The point here is that you need to start looking at things that you don't
enjoy because that's probably the area that needs the most attention. Now,
this doesn't mean you have to learn how to be something you're not. You can
outsource it, hire someone, partner with someone... but you do need to do it
if you want to be successful.

2) Do the unscalable things

This is of course copied from pg's essay [1] but it is so relevant to
startups. Early in the life of a startup, you need to make sure you have
excellent customer service and a thirst for growth. 'Moving the needle' is
what counts - you need to do it quickly.
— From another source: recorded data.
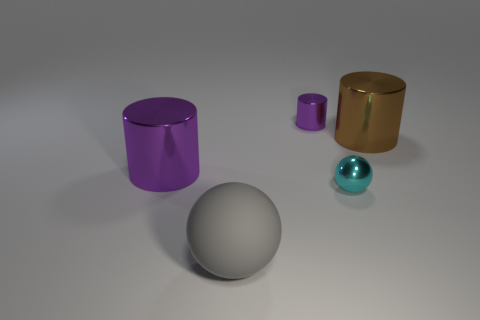What number of objects are either small brown objects or tiny purple objects?
Provide a succinct answer. 1. The large metallic object that is left of the large gray rubber thing has what shape?
Ensure brevity in your answer.  Cylinder. There is a ball that is made of the same material as the large brown cylinder; what color is it?
Keep it short and to the point. Cyan. There is a cyan object that is the same shape as the big gray thing; what is it made of?
Give a very brief answer. Metal. The large purple shiny object is what shape?
Make the answer very short. Cylinder. What material is the large thing that is both left of the cyan shiny ball and behind the small shiny ball?
Your answer should be very brief. Metal. The tiny cyan thing that is made of the same material as the large brown thing is what shape?
Your response must be concise. Sphere. There is a cyan sphere that is the same material as the tiny purple thing; what size is it?
Offer a very short reply. Small. The big object that is both on the left side of the brown cylinder and behind the tiny cyan shiny sphere has what shape?
Provide a succinct answer. Cylinder. What size is the metallic thing that is on the left side of the ball to the left of the cyan sphere?
Make the answer very short. Large. 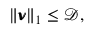<formula> <loc_0><loc_0><loc_500><loc_500>\begin{array} { r } { \| \pm b { \nu } \| _ { 1 } \leq \mathcal { D } , } \end{array}</formula>

When you're bootstrapping this can
often mean cold calling or 'shoe leather'. Many first-timers brush this aside
as 'old marketing' and 'it'll never work'. It does work. However, it's hard
work. Focus on the things that move the needle early on, however troublesome
and manual, because you then you will learn what's important enough to build.
You can then automate much of what you already know and move on to the next
challenge.

[1] [http://paulgraham.com/ds.html](http://paulgraham.com/ds.html)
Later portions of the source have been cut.